### WHAT NEEDS TO BE DONE
Every line of the records below that holds the word "listed" should be copied out.

### SOURCE INFORMATION
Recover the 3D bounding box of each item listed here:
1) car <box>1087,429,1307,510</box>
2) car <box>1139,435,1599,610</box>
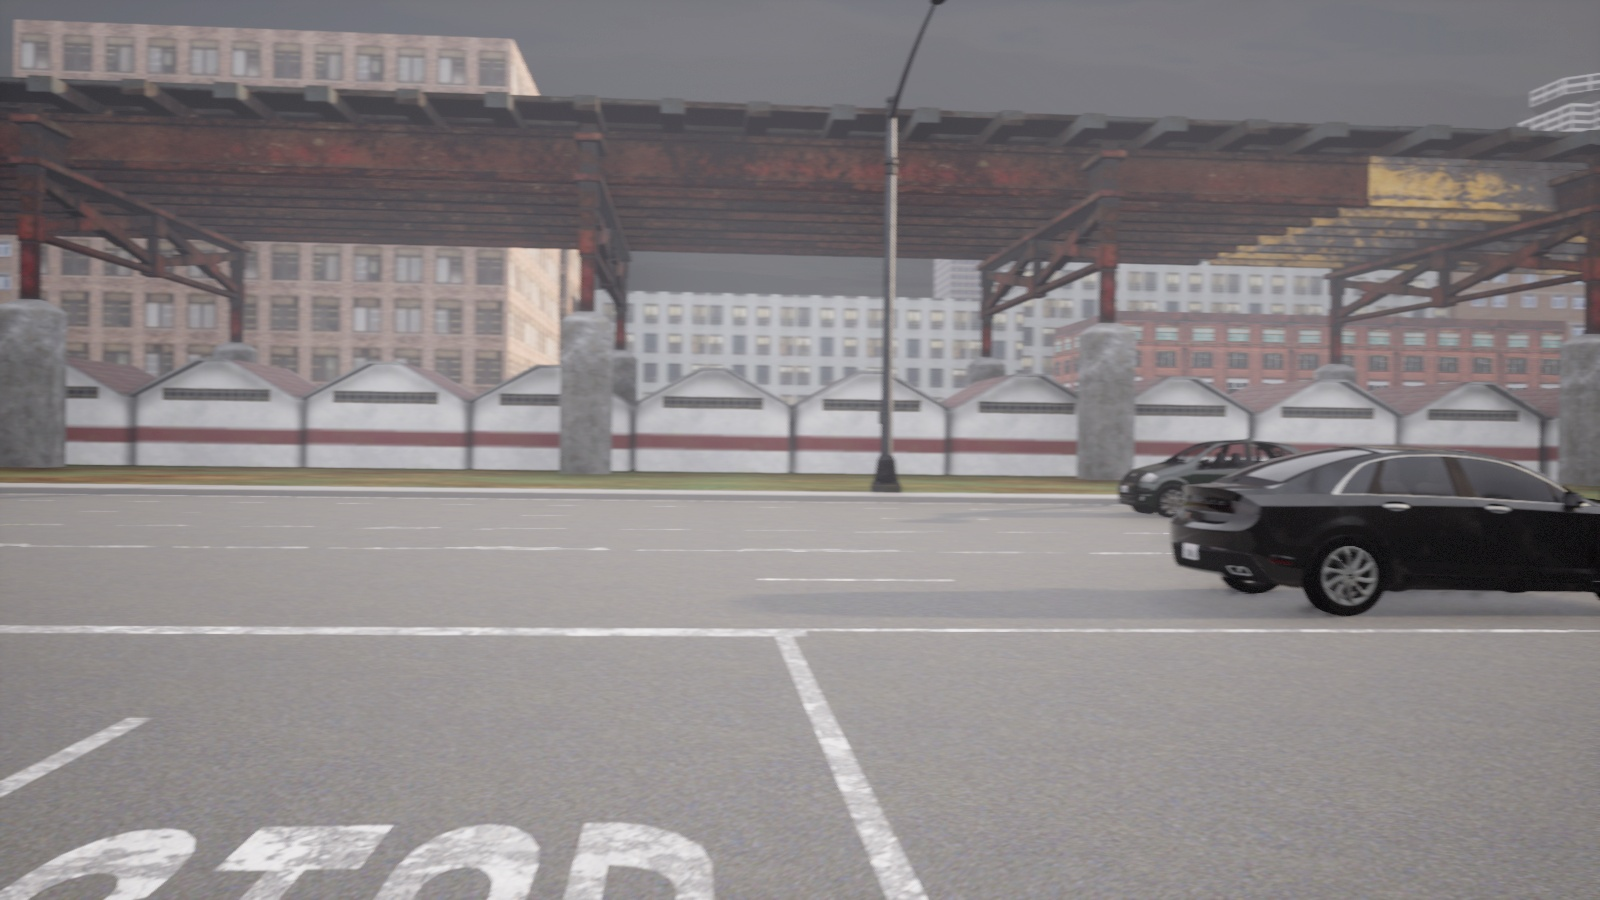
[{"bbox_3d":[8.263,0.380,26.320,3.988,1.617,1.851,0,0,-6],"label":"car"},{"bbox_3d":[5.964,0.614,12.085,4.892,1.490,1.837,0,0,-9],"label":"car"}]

---

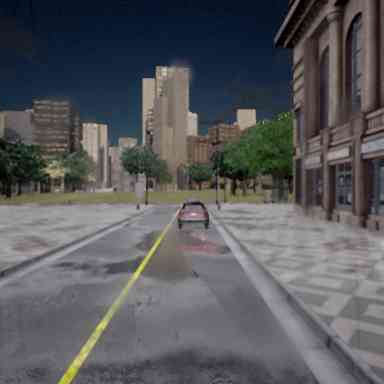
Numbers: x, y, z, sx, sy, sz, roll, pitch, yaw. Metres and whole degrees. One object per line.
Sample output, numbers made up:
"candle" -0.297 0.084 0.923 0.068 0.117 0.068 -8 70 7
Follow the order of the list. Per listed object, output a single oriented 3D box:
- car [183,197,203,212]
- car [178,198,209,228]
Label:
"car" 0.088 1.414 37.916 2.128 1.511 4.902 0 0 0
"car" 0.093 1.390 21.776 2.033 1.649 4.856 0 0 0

### SOLUTION TO THIS PROBLEM
Recover the 3D bounding box of each item listed here:
Follow the order of the list. Per listed object, output a single oriented 3D box:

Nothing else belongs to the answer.